Sementara di Oman, Sultan Oman Haitham bin Tariq al-Said (64) yang menggantikan Sultan Qaboos bin Said al-Said pada 11 Januari 2020 berkomitmen melanjutkan kebijakan politik pendahulunya. Sheikh Haitham bin Tariq segera menyambut positif dibukanya hubungan diplomatik resmi Israel-UEA dan Israel-Bahrain.
Seperti diketahui, Oman pada era Sultan Qaboos dikenal menjalin hubungan mesra tidak resmi dengan Israel. PM Israel Benjamin Netanyahu telah mengunjungi Muscat, Oman, pada Oktober 2018 dan bertemu Sultan Qaboos. Dengan demikian, keluarga besar Al-Said yang berkuasa di Oman tetap ingin menjalin hubungan mesra tidak resmi dengan Israel.
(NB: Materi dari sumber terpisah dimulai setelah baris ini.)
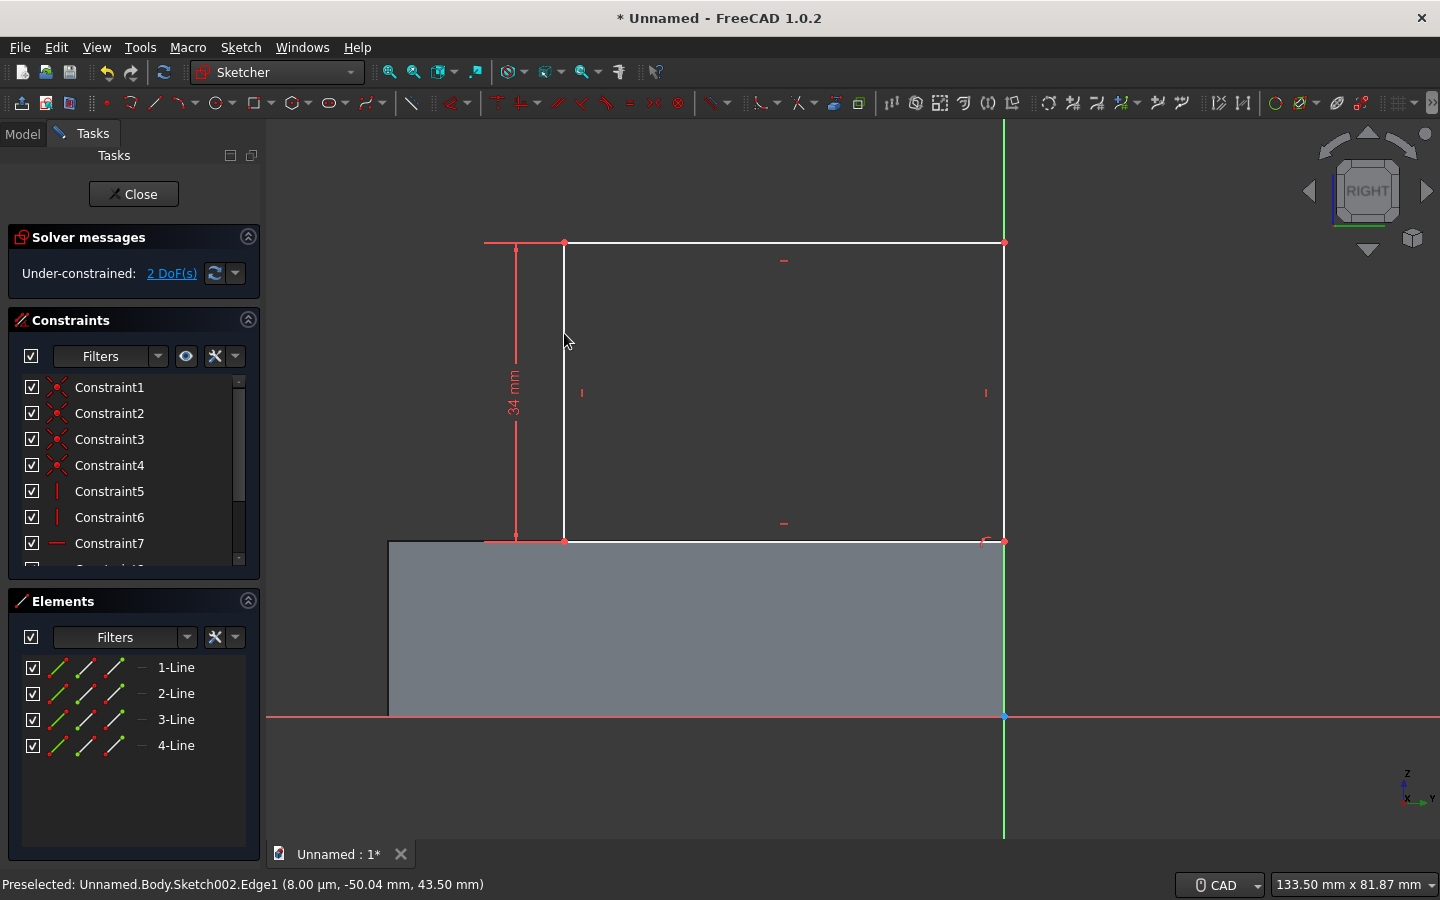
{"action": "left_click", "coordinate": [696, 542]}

Adapun Emir Qatar Sheikh Tamim bin Hamad al-Thani (40), yang juga dari generasi baru penguasa di kawasan Arab Teluk, meskipun masih menolak membuka hubungan diplomatik resmi dengan Israel, menjalin hubungan tidak resmi dengan Israel.
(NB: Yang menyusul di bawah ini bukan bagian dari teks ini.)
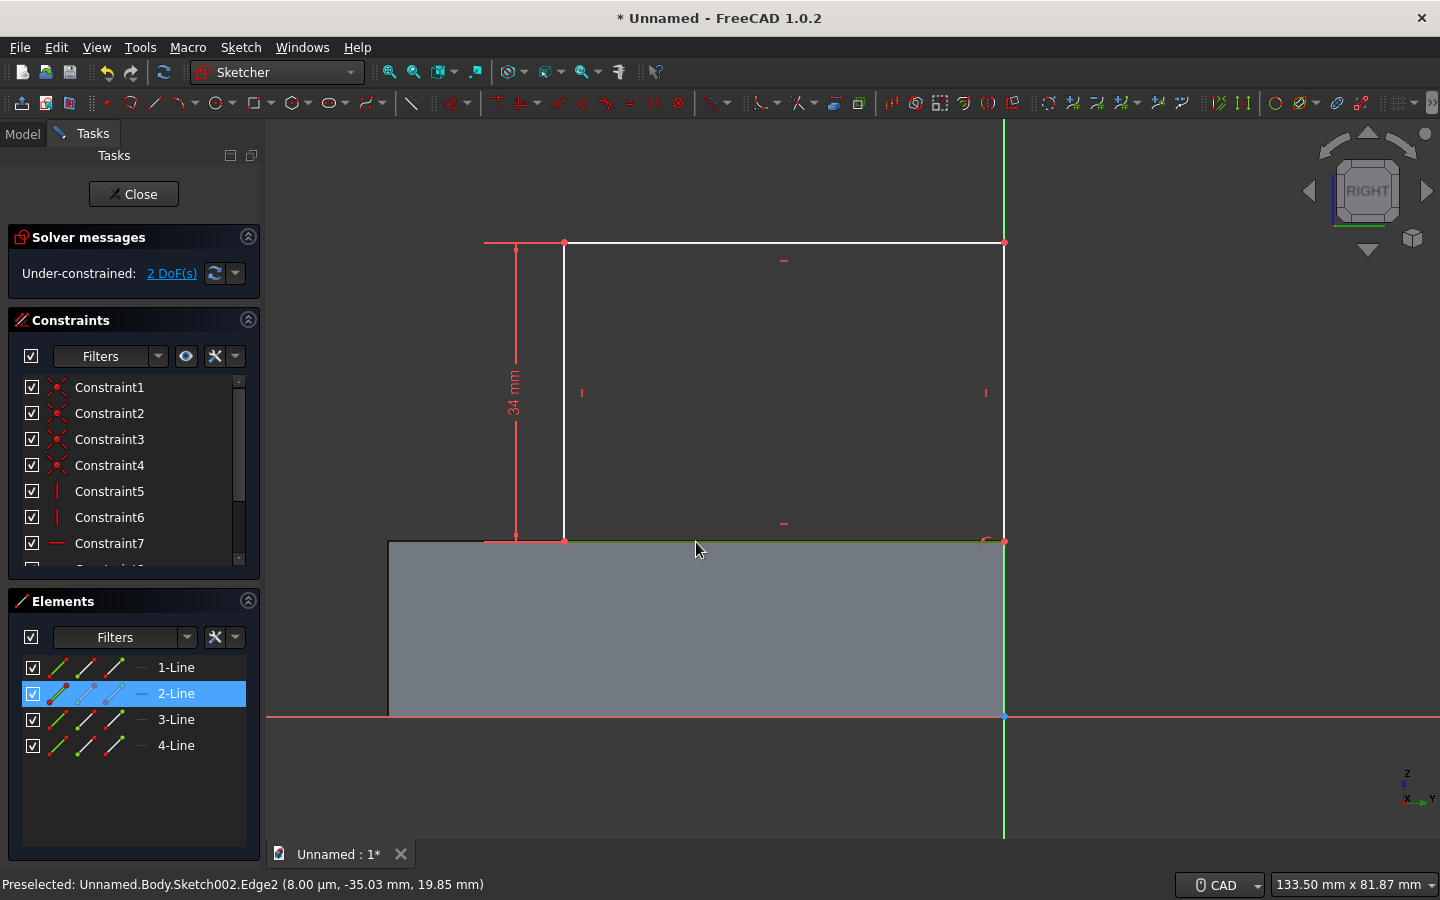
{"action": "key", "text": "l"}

Qatar sering melakukan komunikasi dengan Israel ketika ingin memasok bantuan kemanusian ke Jalur Gaza. Tanpa lampu hijau dari Israel, bantuan kemanusian Qatar ke Jalur Gaza tidak mungkin terjadi. Qatar saat ini menjalin hubungan strategis dengan Hamas yang berkuasa di Jalur Gaza dan dalam waktu yang sama juga menjalin hubungan baik dengan Israel.
Barangkali hanya Kuwait yang punya sikap paling konservatif terhadap Israel. Kuwait selama ini tidak menjalin hubungan resmi ataupun tidak resmi dengan Israel. Kuwait selalu menegaskan akan menjadi negara Arab terakhir yang menjalin hubungan dengan Israel.